_WHAT IS REQUIRED_
Which lines below mention "listed"? Pick each one out.

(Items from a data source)
* * * * *

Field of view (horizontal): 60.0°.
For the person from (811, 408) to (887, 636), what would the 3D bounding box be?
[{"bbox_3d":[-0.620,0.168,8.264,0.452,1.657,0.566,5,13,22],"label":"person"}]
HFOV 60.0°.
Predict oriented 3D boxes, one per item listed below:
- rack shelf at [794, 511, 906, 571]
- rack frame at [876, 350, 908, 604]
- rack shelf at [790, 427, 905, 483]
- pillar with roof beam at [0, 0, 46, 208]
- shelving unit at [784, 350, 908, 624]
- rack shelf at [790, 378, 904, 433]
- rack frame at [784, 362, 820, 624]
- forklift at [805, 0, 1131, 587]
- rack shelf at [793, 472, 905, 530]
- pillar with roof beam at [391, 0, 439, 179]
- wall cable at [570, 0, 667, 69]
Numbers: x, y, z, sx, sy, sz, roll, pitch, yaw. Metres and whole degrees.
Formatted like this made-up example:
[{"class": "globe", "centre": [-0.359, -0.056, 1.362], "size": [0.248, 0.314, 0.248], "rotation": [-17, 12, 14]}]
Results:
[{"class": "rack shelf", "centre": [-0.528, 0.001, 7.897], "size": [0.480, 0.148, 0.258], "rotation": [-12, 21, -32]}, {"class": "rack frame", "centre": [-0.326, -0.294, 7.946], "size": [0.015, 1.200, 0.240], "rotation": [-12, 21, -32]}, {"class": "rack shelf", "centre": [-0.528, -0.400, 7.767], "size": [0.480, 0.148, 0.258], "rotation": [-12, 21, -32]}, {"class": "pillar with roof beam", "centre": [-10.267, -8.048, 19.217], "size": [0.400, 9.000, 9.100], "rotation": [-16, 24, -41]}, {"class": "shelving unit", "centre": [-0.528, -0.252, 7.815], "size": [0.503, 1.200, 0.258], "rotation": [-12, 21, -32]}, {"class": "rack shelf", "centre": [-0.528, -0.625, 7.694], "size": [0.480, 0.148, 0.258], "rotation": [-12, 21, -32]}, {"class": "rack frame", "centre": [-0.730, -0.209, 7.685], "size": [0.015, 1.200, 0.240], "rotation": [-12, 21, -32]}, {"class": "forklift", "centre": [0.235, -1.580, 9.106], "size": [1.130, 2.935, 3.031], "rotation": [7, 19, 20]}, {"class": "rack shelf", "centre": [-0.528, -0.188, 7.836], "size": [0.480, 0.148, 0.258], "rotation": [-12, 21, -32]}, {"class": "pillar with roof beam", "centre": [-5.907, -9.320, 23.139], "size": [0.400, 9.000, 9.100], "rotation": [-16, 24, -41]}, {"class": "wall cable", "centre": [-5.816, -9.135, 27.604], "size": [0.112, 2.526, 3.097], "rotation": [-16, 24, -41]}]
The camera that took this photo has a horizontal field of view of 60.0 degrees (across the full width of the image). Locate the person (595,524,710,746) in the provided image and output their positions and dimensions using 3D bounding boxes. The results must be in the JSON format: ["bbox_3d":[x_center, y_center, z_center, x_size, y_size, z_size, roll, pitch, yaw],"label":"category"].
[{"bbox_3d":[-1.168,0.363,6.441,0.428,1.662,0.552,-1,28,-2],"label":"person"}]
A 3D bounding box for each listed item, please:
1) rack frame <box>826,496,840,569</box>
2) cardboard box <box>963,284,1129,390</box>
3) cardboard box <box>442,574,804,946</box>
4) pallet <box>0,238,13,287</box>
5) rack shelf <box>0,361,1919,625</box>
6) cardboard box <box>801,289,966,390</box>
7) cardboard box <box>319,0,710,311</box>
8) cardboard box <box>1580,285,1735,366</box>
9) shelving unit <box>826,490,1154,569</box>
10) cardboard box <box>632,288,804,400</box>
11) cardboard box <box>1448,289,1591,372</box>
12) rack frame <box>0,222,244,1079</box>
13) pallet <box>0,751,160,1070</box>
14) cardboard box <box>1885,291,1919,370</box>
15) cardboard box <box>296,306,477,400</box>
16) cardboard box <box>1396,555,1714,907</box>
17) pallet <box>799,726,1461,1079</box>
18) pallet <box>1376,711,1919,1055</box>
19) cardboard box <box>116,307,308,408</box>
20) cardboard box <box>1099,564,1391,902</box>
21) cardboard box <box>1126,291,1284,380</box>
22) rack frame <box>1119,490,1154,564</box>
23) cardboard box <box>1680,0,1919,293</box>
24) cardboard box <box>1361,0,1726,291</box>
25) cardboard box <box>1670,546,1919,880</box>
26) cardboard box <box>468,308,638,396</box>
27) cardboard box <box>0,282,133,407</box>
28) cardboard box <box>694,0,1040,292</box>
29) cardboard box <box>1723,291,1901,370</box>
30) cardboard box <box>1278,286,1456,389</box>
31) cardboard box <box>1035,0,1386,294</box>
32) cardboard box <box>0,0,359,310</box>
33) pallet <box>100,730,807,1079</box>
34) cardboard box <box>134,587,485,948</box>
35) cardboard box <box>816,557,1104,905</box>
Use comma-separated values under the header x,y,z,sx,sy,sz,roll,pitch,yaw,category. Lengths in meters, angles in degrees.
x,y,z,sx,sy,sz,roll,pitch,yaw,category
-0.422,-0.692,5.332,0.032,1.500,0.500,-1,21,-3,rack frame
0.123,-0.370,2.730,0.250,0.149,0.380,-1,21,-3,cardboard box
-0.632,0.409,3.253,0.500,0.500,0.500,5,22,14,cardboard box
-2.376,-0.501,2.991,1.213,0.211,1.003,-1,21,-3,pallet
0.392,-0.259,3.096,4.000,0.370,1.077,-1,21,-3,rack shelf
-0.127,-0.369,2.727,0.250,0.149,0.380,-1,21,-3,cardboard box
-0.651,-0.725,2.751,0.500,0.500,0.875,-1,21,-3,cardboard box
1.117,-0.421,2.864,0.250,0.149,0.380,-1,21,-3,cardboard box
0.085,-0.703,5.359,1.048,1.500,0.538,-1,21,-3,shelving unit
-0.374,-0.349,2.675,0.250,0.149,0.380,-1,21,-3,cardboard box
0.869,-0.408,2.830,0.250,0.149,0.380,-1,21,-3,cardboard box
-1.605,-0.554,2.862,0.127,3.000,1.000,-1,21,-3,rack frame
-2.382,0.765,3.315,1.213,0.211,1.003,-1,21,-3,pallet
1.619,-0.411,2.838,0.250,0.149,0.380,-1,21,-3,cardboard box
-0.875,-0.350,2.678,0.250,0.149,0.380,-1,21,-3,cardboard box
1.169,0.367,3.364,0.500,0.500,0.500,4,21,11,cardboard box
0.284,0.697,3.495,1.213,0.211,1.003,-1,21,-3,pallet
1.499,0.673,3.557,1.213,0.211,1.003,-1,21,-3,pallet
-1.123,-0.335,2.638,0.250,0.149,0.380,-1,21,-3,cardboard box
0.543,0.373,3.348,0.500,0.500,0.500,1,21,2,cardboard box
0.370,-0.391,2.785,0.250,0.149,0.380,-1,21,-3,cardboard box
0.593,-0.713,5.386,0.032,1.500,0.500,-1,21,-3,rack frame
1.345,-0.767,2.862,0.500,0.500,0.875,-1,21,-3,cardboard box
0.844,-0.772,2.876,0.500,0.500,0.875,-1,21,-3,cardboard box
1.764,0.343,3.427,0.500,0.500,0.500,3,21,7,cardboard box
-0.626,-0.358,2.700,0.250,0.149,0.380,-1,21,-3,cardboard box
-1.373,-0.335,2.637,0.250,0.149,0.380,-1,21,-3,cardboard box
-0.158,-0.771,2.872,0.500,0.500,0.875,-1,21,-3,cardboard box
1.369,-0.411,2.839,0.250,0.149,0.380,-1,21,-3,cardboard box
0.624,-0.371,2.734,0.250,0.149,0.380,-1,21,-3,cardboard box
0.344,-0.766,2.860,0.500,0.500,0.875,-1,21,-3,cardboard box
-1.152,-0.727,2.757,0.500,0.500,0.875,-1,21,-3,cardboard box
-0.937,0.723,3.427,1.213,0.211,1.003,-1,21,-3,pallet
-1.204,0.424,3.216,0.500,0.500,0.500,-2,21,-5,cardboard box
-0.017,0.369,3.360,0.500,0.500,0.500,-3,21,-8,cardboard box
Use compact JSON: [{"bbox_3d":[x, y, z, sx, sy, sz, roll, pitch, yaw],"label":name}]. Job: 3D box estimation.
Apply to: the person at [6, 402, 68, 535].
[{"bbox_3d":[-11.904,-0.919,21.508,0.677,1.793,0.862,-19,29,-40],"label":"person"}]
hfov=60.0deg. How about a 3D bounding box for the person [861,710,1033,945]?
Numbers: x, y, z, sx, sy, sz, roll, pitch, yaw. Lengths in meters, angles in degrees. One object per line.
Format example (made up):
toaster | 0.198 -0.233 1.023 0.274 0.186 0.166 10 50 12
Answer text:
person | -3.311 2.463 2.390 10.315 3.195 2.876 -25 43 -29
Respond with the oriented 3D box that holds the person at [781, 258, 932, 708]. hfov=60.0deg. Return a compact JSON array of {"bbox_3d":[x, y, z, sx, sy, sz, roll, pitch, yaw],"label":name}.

* * * * *

_REPLY_
Predict oriented 3D boxes, one per item listed below:
A 3D bounding box for each listed item, please:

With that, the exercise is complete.